> [PROMPT] Copy the records word for word. Pictures do not go in.
═════ GIVEN DATA ═════
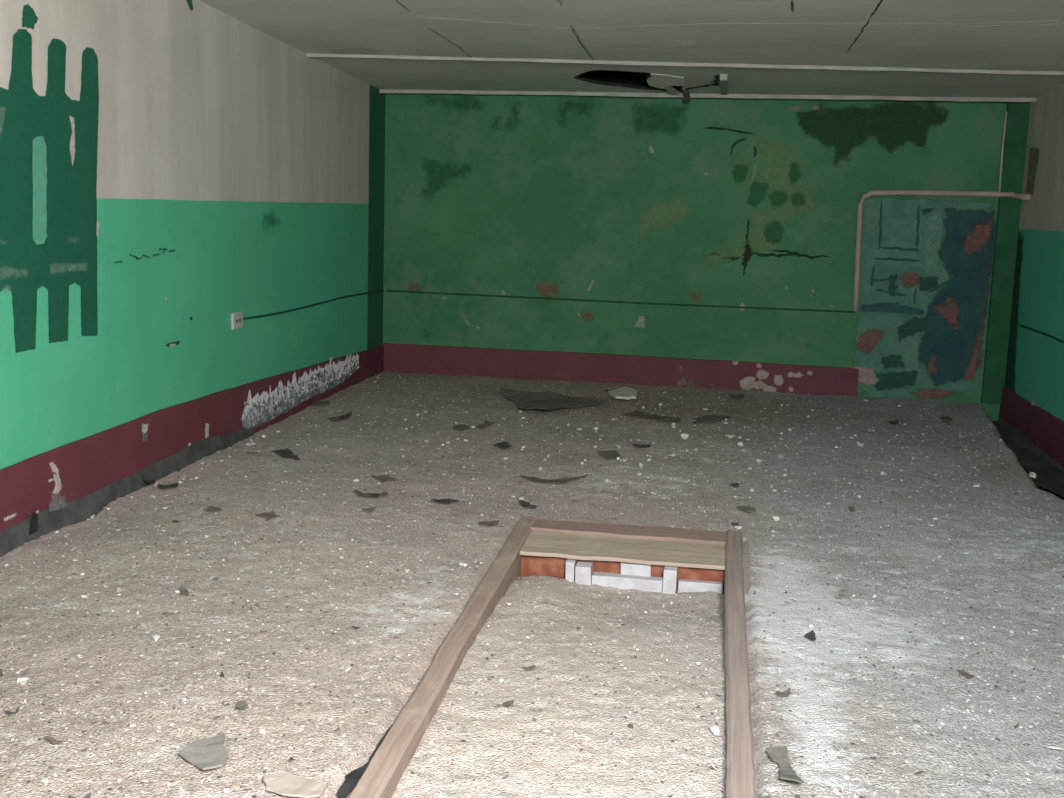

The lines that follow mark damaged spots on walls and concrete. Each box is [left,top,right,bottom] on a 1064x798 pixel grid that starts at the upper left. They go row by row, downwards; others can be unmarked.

crack [557,0,596,61]
crack [846,0,883,53]
crack [706,127,757,186]
crack [701,219,829,276]
water stain [241,352,359,430]
spalling [739,362,813,392]
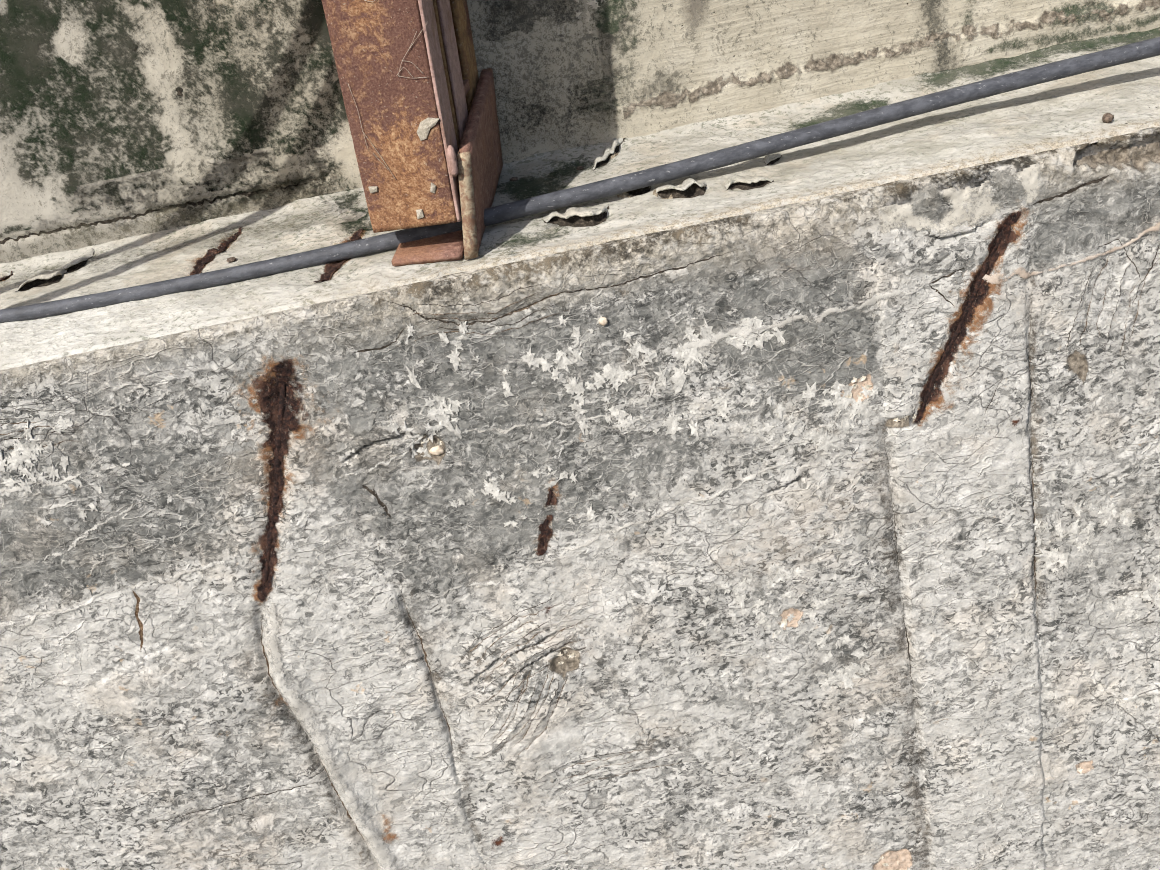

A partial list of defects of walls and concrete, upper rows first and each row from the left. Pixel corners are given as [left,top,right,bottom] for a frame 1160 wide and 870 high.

peeling [724,152,782,190]
peeling [543,177,707,227]
peeling [15,248,94,292]
crack [354,247,742,353]
spalling [880,156,1041,428]
peeling [502,369,515,398]
peeling [521,314,786,434]
peeling [653,374,878,452]
peeling [449,473,517,508]
peeling [529,466,578,490]
rust [535,483,560,556]
peeling [567,504,603,531]
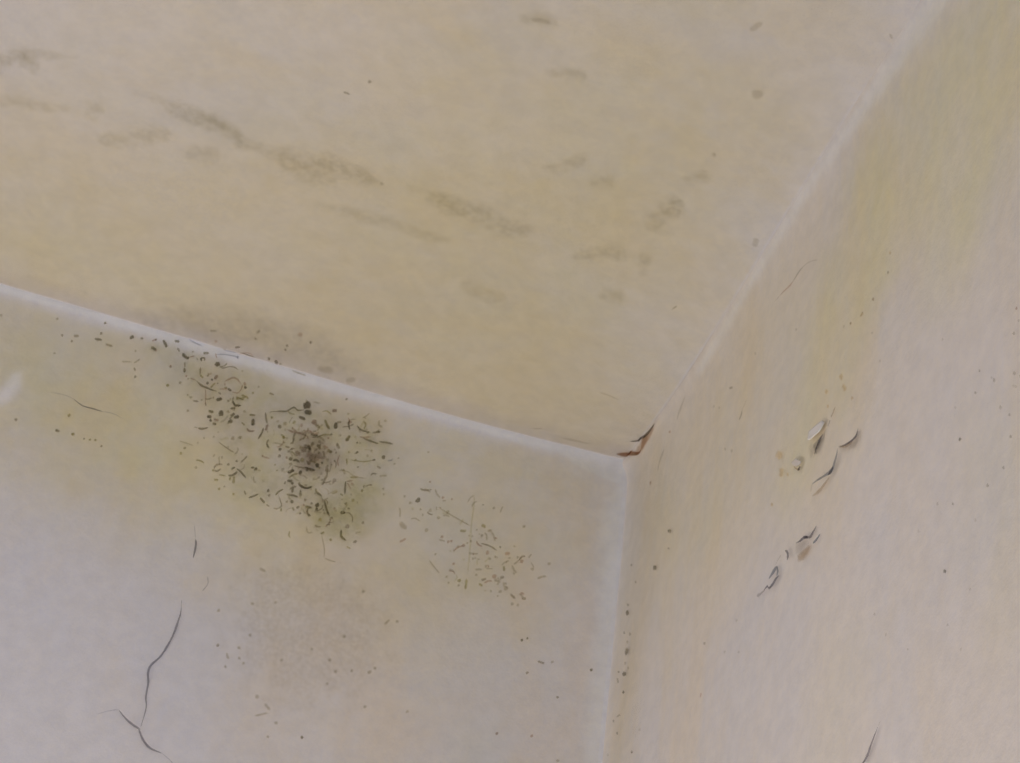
═════
> [TASK RESPONSE]
The lines that follow mark damaged spots on walls and concrete. Each box is [left,top,right,bottom] on a 1064x798 pixel grid that starts at the upper left. They go row by row, downwards; others can be unmarked.

crack [557,0,596,61]
crack [846,0,883,53]
crack [706,127,757,186]
crack [701,219,829,276]
water stain [241,352,359,430]
spalling [739,362,813,392]

A partial list of defects of walls and concrete, upper rows first and each row from the left. Pixel corners are given as [left,top,right,bottom] for a frame 1160 wide and 870 high.

peeling [724,152,782,190]
peeling [543,177,707,227]
peeling [15,248,94,292]
crack [354,247,742,353]
spalling [880,156,1041,428]
peeling [502,369,515,398]
peeling [521,314,786,434]
peeling [653,374,878,452]
peeling [449,473,517,508]
peeling [529,466,578,490]
rust [535,483,560,556]
peeling [567,504,603,531]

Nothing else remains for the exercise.